WHAT THE EXERCISE ASKS
Extract every line of the material that holds the string "times".

INPUT: Begin

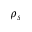<formula> <loc_0><loc_0><loc_500><loc_500>\rho _ { s }</formula> 
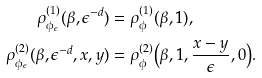Convert formula to latex. <formula><loc_0><loc_0><loc_500><loc_500>\rho ^ { ( 1 ) } _ { \phi _ { \epsilon } } ( \beta , \epsilon ^ { - d } ) & = \rho ^ { ( 1 ) } _ { \phi } ( \beta , 1 ) , \\ \rho ^ { ( 2 ) } _ { \phi _ { \epsilon } } ( \beta , \epsilon ^ { - d } , x , y ) & = \rho ^ { ( 2 ) } _ { \phi } \Big { ( } \beta , 1 , \frac { x - y } { \epsilon } , 0 \Big { ) } .</formula> 
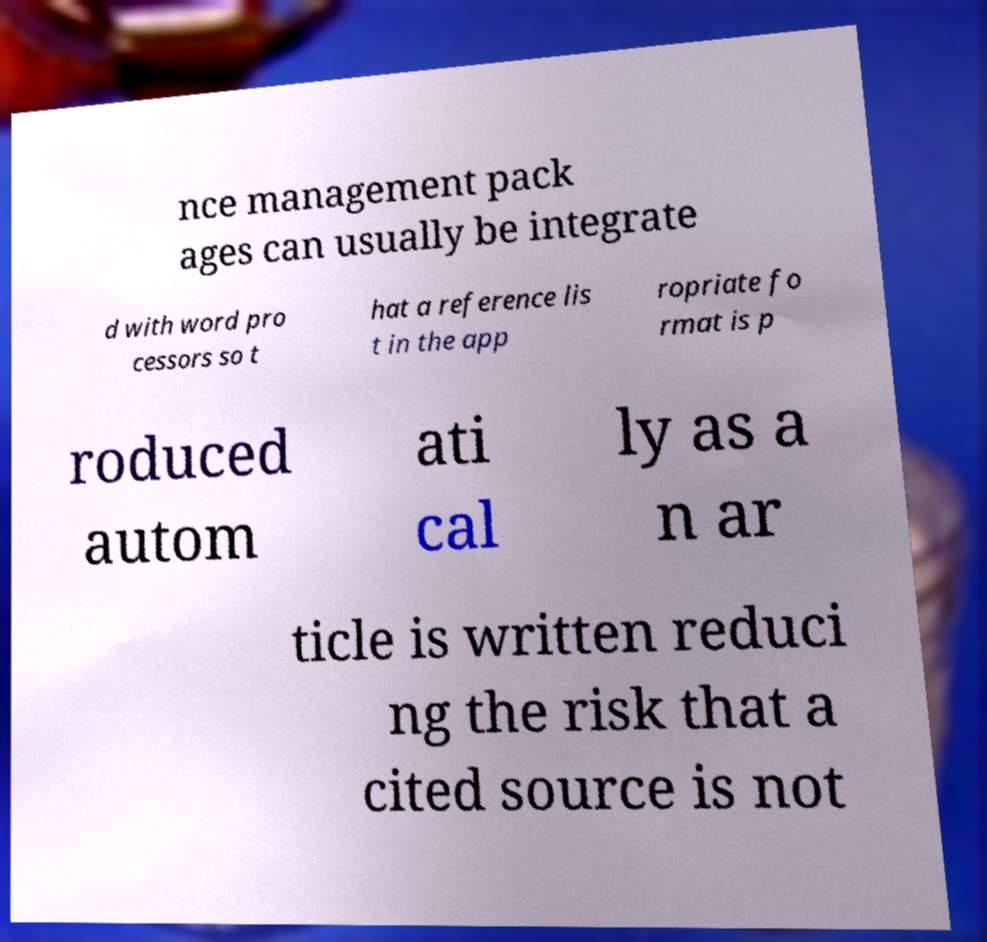What messages or text are displayed in this image? I need them in a readable, typed format. nce management pack ages can usually be integrate d with word pro cessors so t hat a reference lis t in the app ropriate fo rmat is p roduced autom ati cal ly as a n ar ticle is written reduci ng the risk that a cited source is not 
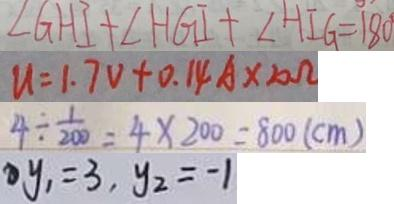<formula> <loc_0><loc_0><loc_500><loc_500>\angle G H I + \angle H G I + \angle H I G = 1 8 0 ^ { \circ } 
 u = 1 . 7 V + 0 . 1 4 A \times 2 0 \Omega 
 4 \div \frac { 1 } { 2 0 0 } = 4 \times 2 0 0 = 8 0 0 ( c m ) 
 y _ { 1 } = 3 , y _ { 2 } = - 1</formula> 
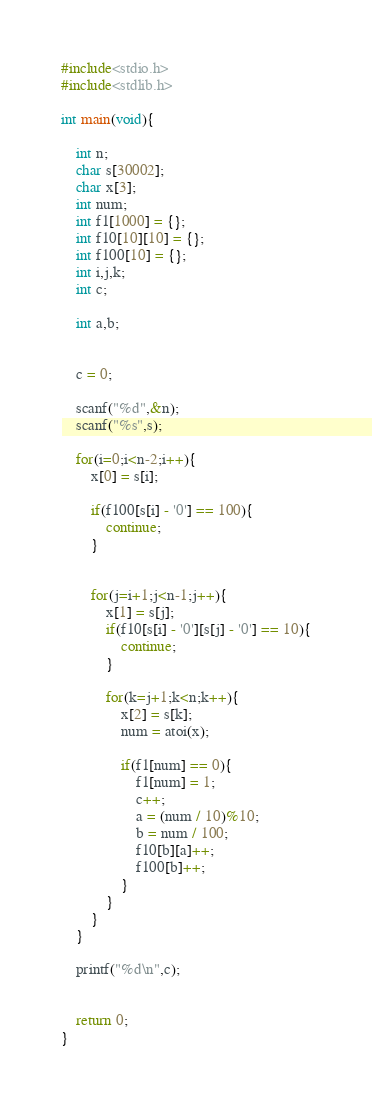<code> <loc_0><loc_0><loc_500><loc_500><_C++_>#include<stdio.h>
#include<stdlib.h>

int main(void){

	int n;
	char s[30002];
	char x[3];
	int num;
	int f1[1000] = {};
	int f10[10][10] = {};
	int f100[10] = {};
	int i,j,k;
	int c;

	int a,b;


	c = 0;

	scanf("%d",&n);
	scanf("%s",s);

	for(i=0;i<n-2;i++){
		x[0] = s[i];

		if(f100[s[i] - '0'] == 100){
			continue;
		}


		for(j=i+1;j<n-1;j++){
			x[1] = s[j];
			if(f10[s[i] - '0'][s[j] - '0'] == 10){
				continue;
			}

			for(k=j+1;k<n;k++){
				x[2] = s[k];
				num = atoi(x);

				if(f1[num] == 0){
					f1[num] = 1;
					c++;
					a = (num / 10)%10;
					b = num / 100;
					f10[b][a]++;
					f100[b]++;
				}
			}
		}
	}

	printf("%d\n",c);


	return 0;
}

</code> 
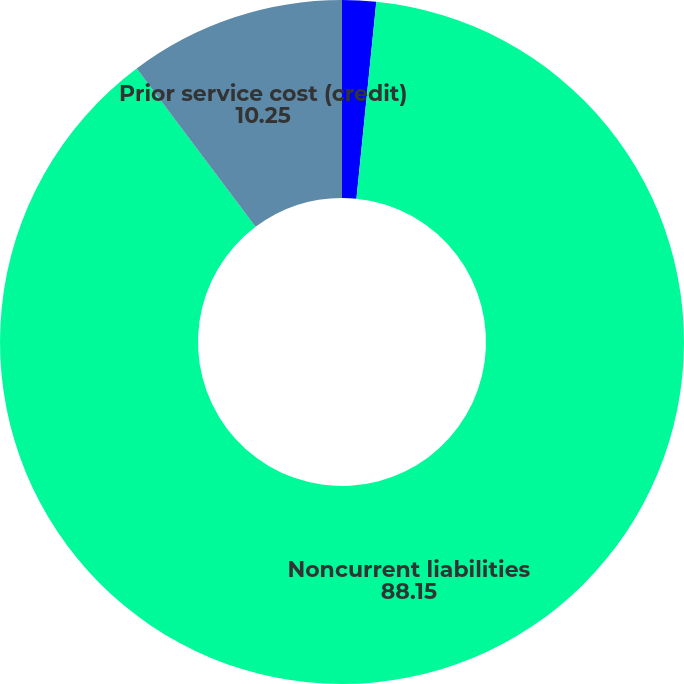Convert chart to OTSL. <chart><loc_0><loc_0><loc_500><loc_500><pie_chart><fcel>Current liabilities<fcel>Noncurrent liabilities<fcel>Prior service cost (credit)<nl><fcel>1.6%<fcel>88.15%<fcel>10.25%<nl></chart>

INPUT: End

SOLUTION TO THIS EXERCISE
 u = 1 . 7 V + 0 . 1 4 A \times 2 0 \Omega 
 4 \div \frac { 1 } { 2 0 0 } = 4 \times 2 0 0 = 8 0 0 ( c m ) 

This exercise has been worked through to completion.